論文の概要: MIRAGE: Multimodal Identification and Recognition of Annotations in Indian General Prescriptions
- arxiv url: http://arxiv.org/abs/2410.09729v2
- Date: Tue, 12 Nov 2024 04:19:32 GMT
- ステータス: 翻訳完了
- システム内更新日: 2024-11-13 13:18:33.457822
- Title: MIRAGE: Multimodal Identification and Recognition of Annotations in Indian General Prescriptions
- Title(参考訳): MIRAGE:インドの一般的な説明文におけるアノテーションのマルチモーダル識別と認識
- Authors: Tavish Mankash, V. S. Chaithanya Kota, Anish De, Praveen Prakash, Kshitij Jadhav,
- Abstract要約: エレクトロニック・メディカル・レコード(EMR)が利用可能であるにもかかわらず、インドの病院は依然として手書きの医療記録に依存している。

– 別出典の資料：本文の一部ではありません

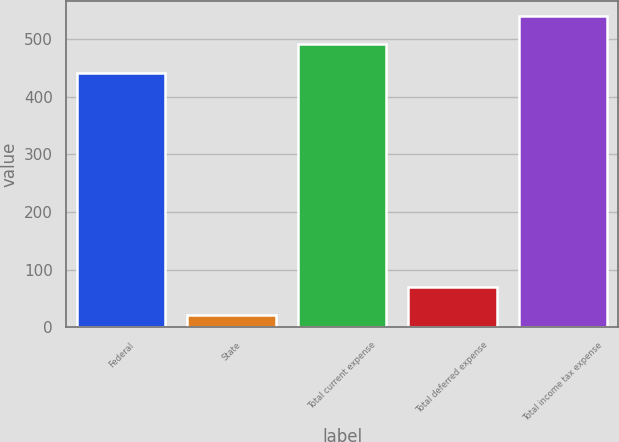Convert chart. <chart><loc_0><loc_0><loc_500><loc_500><bar_chart><fcel>Federal<fcel>State<fcel>Total current expense<fcel>Total deferred expense<fcel>Total income tax expense<nl><fcel>442<fcel>21<fcel>490.9<fcel>69.9<fcel>539.8<nl></chart>

手書きのレコードはユニークな課題であり、治療薬とその推奨パターンを認識するために、トレーニングモデルに特別なデータを必要とする。
本手法は薬剤名と服用量を82%の精度で抽出する。
- 参考スコア(独自算出の注目度): 1.1650821883155187
- License:
- Abstract: Hospitals in India still rely on handwritten medical records despite the availability of Electronic Medical Records (EMR), complicating statistical analysis and record retrieval. Handwritten records pose a unique challenge, requiring specialized data for training models to recognize medications and their recommendation patterns. While traditional handwriting recognition approaches employ 2-D LSTMs, recent studies have explored using Multimodal Large Language Models (MLLMs) for OCR tasks. Building on this approach, we focus on extracting medication names and dosages from simulated medical records. Our methodology MIRAGE (Multimodal Identification and Recognition of Annotations in indian GEneral prescriptions) involves fine-tuning the QWEN VL, LLaVA 1.6 and Idefics2 models on 743,118 high resolution simulated medical record images-fully annotated from 1,133 doctors across India. Our approach achieves 82% accuracy in extracting medication names and dosages.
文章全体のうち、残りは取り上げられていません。